Cyber security risks and the failure to maintain the confidentiality, integrity, and availability of our computer hardware, software, and Internet applications and related tools and functions could result in damage to our reputation and/or subject us to costs, fines or lawsuits.
Our business requires manipulating, analyzing and storing large amounts of data. In addition, we rely on a global enterprise software system to operate and manage our business. We also maintain personally identifiable information about our employees. Our business therefore depends on the continuous, effective, reliable, and secure operation of our computer hardware, software, networks, Internet servers, and related infrastructure. To the extent that our hardware or software malfunctions or access to our data by internal research personnel is interrupted, our business could suffer. The integrity and protection of our employee and company data is critical to our business and employees have a high expectation that we will adequately protect their personal information. The regulatory environment governing information, security and privacy laws is increasingly demanding and continues to evolve. Maintaining compliance with applicable security and privacy regulations may increase our operating costs. Although our computer and communications hardware is protected through physical and software safeguards, it is still vulnerable to fire, storm, flood, power loss, earthquakes, telecommunications failures, physical or software break-ins, software viruses, and similar events. These events could lead to the unauthorized access, disclosure and use of non-public information. The techniques used by criminal elements to attack computer systems are sophisticated, change frequently and may originate from less regulated and remote areas of the world. As a result, we may not be able to address these techniques proactively or implement adequate preventative measures. If our computer systems are compromised, we could be subject to fines, damages, litigation and enforcement actions, and we could lose trade secrets, the occurrence of which could harm our business. In addition, any sustained disruption in internet access provided by other companies could harm our business.

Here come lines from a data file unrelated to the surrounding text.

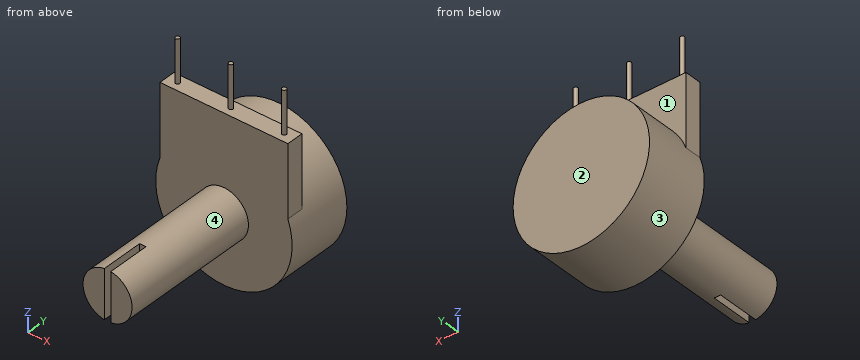
from build123d import *

# Parameters (mm, degrees)
F0_R     = 8.128
F1_DEPTH = 7.9248
F2_R     = 2.921
F3_DEPTH = 16.8402
F4_W     = 15.24
F4_H     = 10.8462307572
F5_DEPTH = 2.032
F6_R     = 0.254
F7_DEPTH = 5.08
F8_W     = 0.762
F8_H     = 6.35
F9_DEPTH = 5.08


with BuildPart() as f1:
    # F0 (on Front) → F1 (new body)
    with BuildSketch(Plane.XZ):
        Circle(F0_R)
    extrude(amount=F1_DEPTH)

    # F2 (on face) → F3 (join)
    with BuildSketch(Plane.XZ.offset(7.9248)):
        Circle(F2_R)
    extrude(amount=F3_DEPTH)

    # F4 (on face) → F5 (join)
    with BuildSketch(Plane.XZ.offset(7.9248)):
        with Locations((0, 5.9306846214)):
            Rectangle(F4_W, F4_H)
    extrude(amount=-F5_DEPTH)

    # F6 (on face) → F7 (join)
    with BuildSketch(Plane.XY.offset(11.3538)):
        with Locations((0, -6.9088)):
            Circle(F6_R)
        with Locations((6.35, -6.9088)):
            Circle(F6_R)
        with Locations((-6.35, -6.9088)):
            Circle(F6_R)
    extrude(amount=F7_DEPTH)

    # F8 (on face) → F9 (cut)
    with BuildSketch(Plane.XZ.offset(24.765)):
        Rectangle(F8_W, F8_H)
    extrude(amount=-F9_DEPTH, mode=Mode.SUBTRACT)


solid = f1.part
Could you check a few things on this model? Use its own coordinates, in mm. Face numbers are marked on the shaded views. A direction names the side the tool comes from. Round coordinates to 2 decimals unless told otherwise and drop trailing zeros. Order: outer loops, then holes, each group sorted by start corner. A loop starts at its lowest first (then second) coordinate and runs counter-clockwise, first axis right, second up.
Q1. Imagine slicing it at D-D, the plane z = 10. List the corners of the cut face in (x, y) for me, then the cut area to 3 significant figures.
Geometry says:
outline: (-7.62, -7.92) - (7.62, -7.92) - (7.62, -5.89) - (-7.62, -5.89) - close
area: 31.0 mm2
Q2. I'm going to push flat-ended pins straight in: P1, Ø2, axis at x = 1.5, y = -7, coming from the +Z side; P2, Ø1, axis at y = -6.5, z = 8, coming from the +X side; P3, Ø8, axis at x = 3, z = 2.5, coming from the -Y side (3 decimals); P4, Ø2, axis at x = 4, z = 9.5, coming from the +Y side. Where does each tip first touch, or does it pass through?
Geometry says:
P1: stops at z = 11.35
P2: stops at x = 7.62
P3: stops at y = -24.765
P4: stops at y = -5.89
Q3. Which directions (+Z, -Z, +X, -X, +Y, -Y) give clear straight access to the entire face, cutting with the end or side of a thin tool? Please do the marked faces 1, 2, 3 and 4.
Geometry says:
face 1: +Z, +Y
face 2: +Z, -Z, +X, -X, +Y
face 3: +Y
face 4: -Y
Q4. Imagine slicing it at A-A, the plane z = 0. List the corners of the cut face in (x, y) for me (3 decimals).
Geometry says:
outline: (-8.128, -7.925) - (-2.921, -7.925) - (-2.921, -24.765) - (-0.381, -24.765) - (-0.381, -19.685) - (0.381, -19.685) - (0.381, -24.765) - (2.921, -24.765) - (2.921, -7.925) - (8.128, -7.925) - (8.128, 0) - (-8.128, 0) - close
Q5. Please list where these lines run through material, in increasing order: probe 1 along Y at (x, z) = (3.5, 3.25); probe 2 along Y at (x, z) = (-0.25, 0.5) (3 decimals); probe 3 along X at (y, z) = (-4.25, 4.75).
Geometry says:
probe 1: y = -7.92 to 0
probe 2: y = -19.685 to 0
probe 3: x = -6.6 to 6.6
Q6. Imagine slicing it at C-C, the plane y = -4. List the corners of the cut face in (x, z) for me, then the cut area to 3 significant figures.
Geometry says:
outline: circle Ø16.26 at (0, 0)
area: 208 mm2

Business interruptions could delay us in the process of developing our future products.
Our headquarters are located in San Diego County. We are vulnerable to natural disasters such as earthquakes and wild fires, as well as other events that could disrupt our operations. We do not carry insurance for earthquakes or other natural disasters and we may not carry sufficient business interruption insurance to compensate us for losses that may occur. Any losses or damages we incur could have a material adverse effect on our business operations.
45
RISKS RELATED TO OUR COMMON STOCK
The market price of our common stock may be highly volatile.*
Since shares of our common stock were sold in our initial public offering in October 2012 at a price of $4.00 per share, our closing stock price as reported on The NASDAQ Global Market has ranged from $2.44 to $22.08, through October 28, 2016. The trading price of our common stock is likely to continue to be volatile.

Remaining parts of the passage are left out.